**Your task:**
Looking through the listing, how many of its lines hold the word "stuk"? Answer with only the number.

**Data in this exercise:**
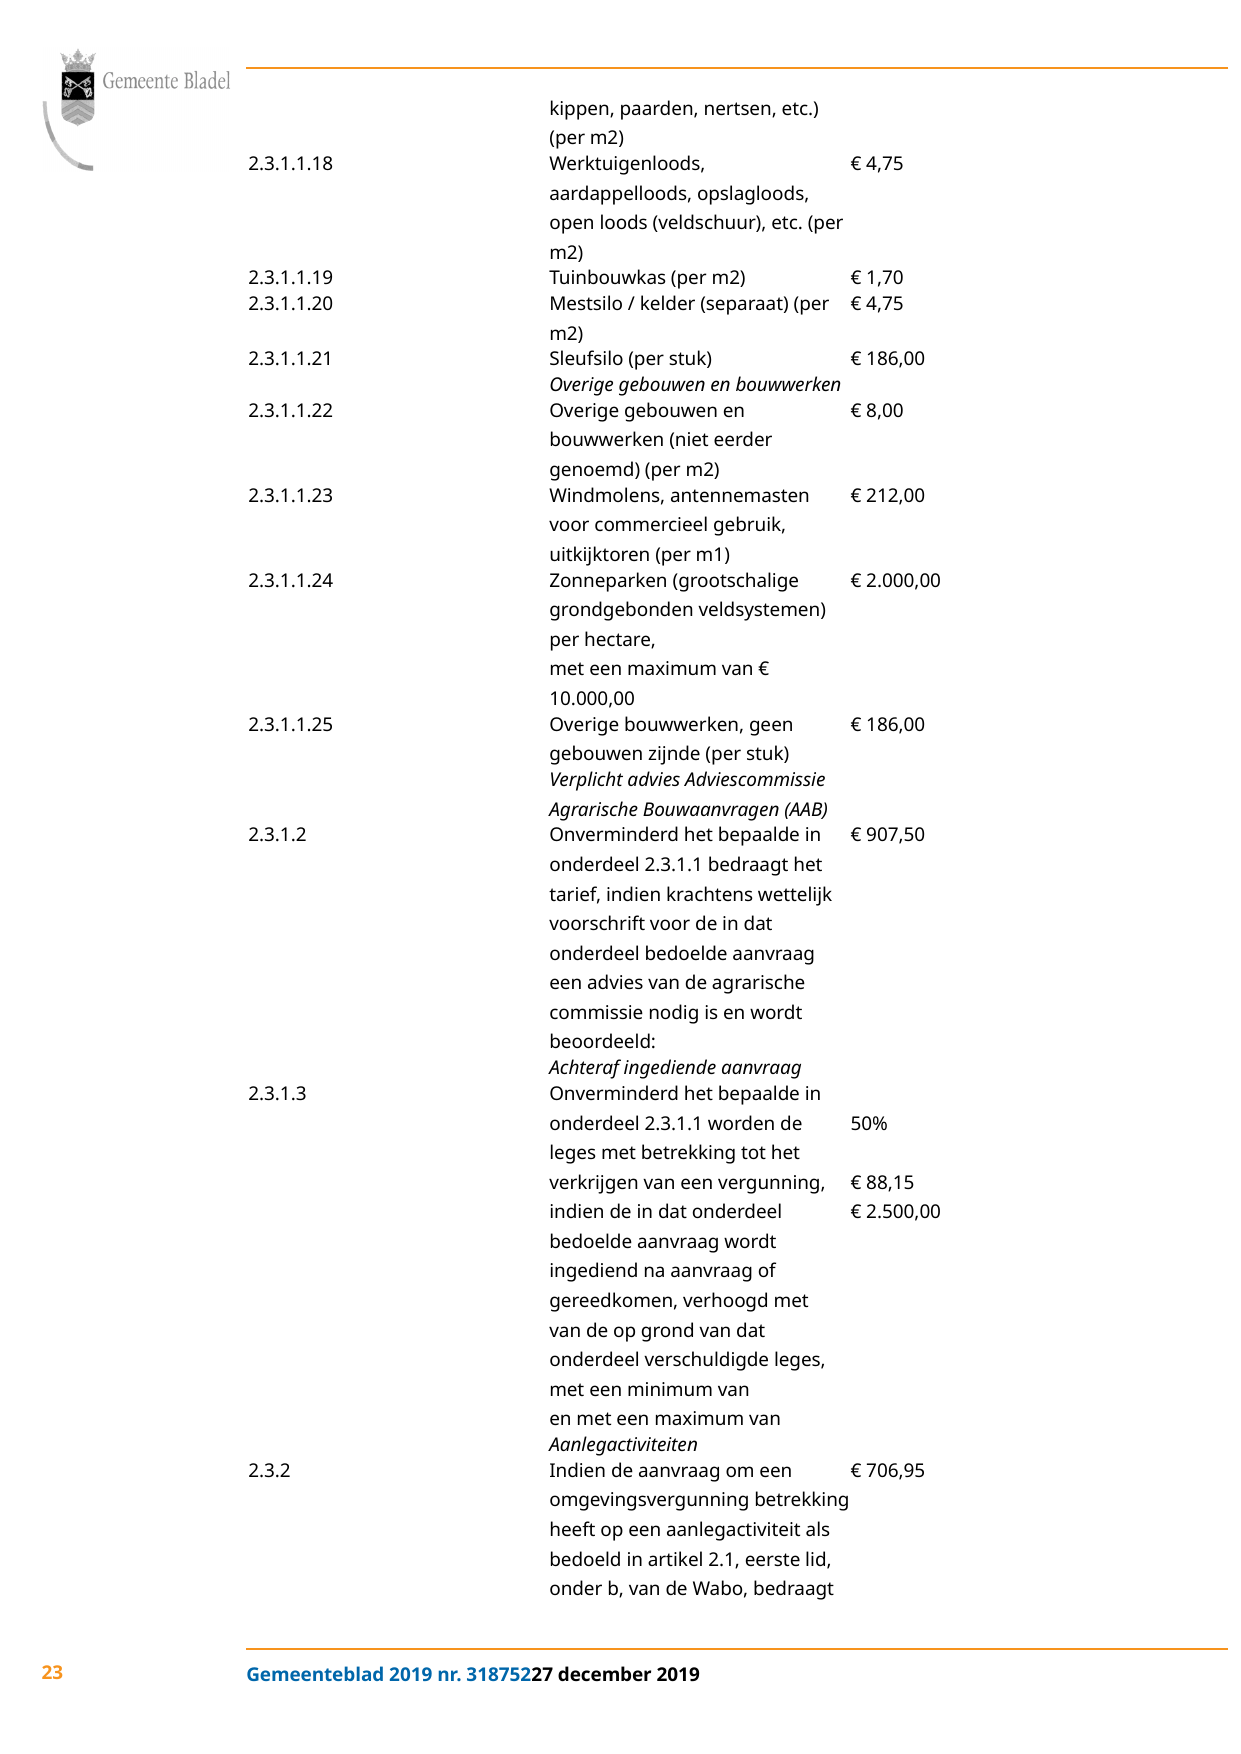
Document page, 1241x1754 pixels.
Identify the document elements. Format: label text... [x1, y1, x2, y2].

table_cell [248, 1431, 549, 1457]
table_cell Windmolens, antennemasten voor commercieel gebruik, uitkijktoren (per m1) [549, 482, 850, 567]
table_cell kippen, paarden, nertsen, etc.) (per m2) [549, 95, 850, 150]
table_cell Overige bouwwerken, geen gebouwen zijnde (per stuk) [549, 711, 850, 766]
table_cell 2.3.1.3 [248, 1080, 549, 1431]
table_cell [850, 95, 1152, 150]
table_cell 2.3.1.1.24 [248, 567, 549, 711]
picture [41, 47, 231, 172]
table_cell 2.3.2 [248, 1457, 549, 1601]
table_cell [850, 371, 1152, 397]
table_cell Zonneparken (grootschalige grondgebonden veldsystemen) per hectare, met een maximum van € 10.000,00 [549, 567, 850, 711]
table_cell Indien de aanvraag om een omgevingsvergunning betrekking heeft op een aanlegactiviteit als bedoeld in artikel 2.1, eerste lid, onder b, van de Wabo, bedraagt [549, 1457, 850, 1601]
table_cell [248, 766, 549, 822]
table_cell [248, 1054, 549, 1080]
table_cell Verplicht advies Adviescommissie Agrarische Bouwaanvragen (AAB) [549, 766, 850, 822]
table_cell € 186,00 [850, 711, 1152, 766]
table_cell [248, 371, 549, 397]
table_cell 2.3.1.2 [248, 822, 549, 1054]
table_cell Aanlegactiviteiten [549, 1431, 850, 1457]
table_cell € 4,75 [850, 290, 1152, 346]
table_cell 50% € 88,15 € 2.500,00 [850, 1080, 1152, 1431]
table_cell 2.3.1.1.22 [248, 397, 549, 482]
table_cell 2.3.1.1.21 [248, 346, 549, 371]
table_cell € 1,70 [850, 265, 1152, 290]
table_cell € 212,00 [850, 482, 1152, 567]
table_cell € 4,75 [850, 150, 1152, 264]
table_cell 2.3.1.1.19 [248, 265, 549, 290]
table_cell € 706,95 [850, 1457, 1152, 1601]
table_cell Werktuigenloods, aardappelloods, opslagloods, open loods (veldschuur), etc. (per m2) [549, 150, 850, 264]
table_cell € 907,50 [850, 822, 1152, 1054]
table_cell 2.3.1.1.18 [248, 150, 549, 264]
table_cell [248, 95, 549, 150]
table_cell Sleufsilo (per stuk) [549, 346, 850, 371]
table_cell € 8,00 [850, 397, 1152, 482]
table_cell Tuinbouwkas (per m2) [549, 265, 850, 290]
table_cell [850, 1054, 1152, 1080]
table_cell 2.3.1.1.23 [248, 482, 549, 567]
table_cell Overige gebouwen en bouwwerken (niet eerder genoemd) (per m2) [549, 397, 850, 482]
table_cell Onverminderd het bepaalde in onderdeel 2.3.1.1 bedraagt het tarief, indien krachtens wettelijk voorschrift voor de in dat onderdeel bedoelde aanvraag een advies van de agrarische commissie nodig is en wordt beoordeeld: [549, 822, 850, 1054]
table_cell € 186,00 [850, 346, 1152, 371]
table_cell Achteraf ingediende aanvraag [549, 1054, 850, 1080]
table_cell € 2.000,00 [850, 567, 1152, 711]
table_cell [850, 766, 1152, 822]
table_cell Mestsilo / kelder (separaat) (per m2) [549, 290, 850, 346]
table_cell 2.3.1.1.25 [248, 711, 549, 766]
table_cell Onverminderd het bepaalde in onderdeel 2.3.1.1 worden de leges met betrekking tot het verkrijgen van een vergunning, indien de in dat onderdeel bedoelde aanvraag wordt ingediend na aanvraag of gereedkomen, verhoogd met van de op grond van dat onderdeel verschuldigde leges, met een minimum van en met een maximum van [549, 1080, 850, 1431]
table_cell [850, 1431, 1152, 1457]
table_cell Overige gebouwen en bouwwerken [549, 371, 850, 397]
table_cell 2.3.1.1.20 [248, 290, 549, 346]

**Task output:**
2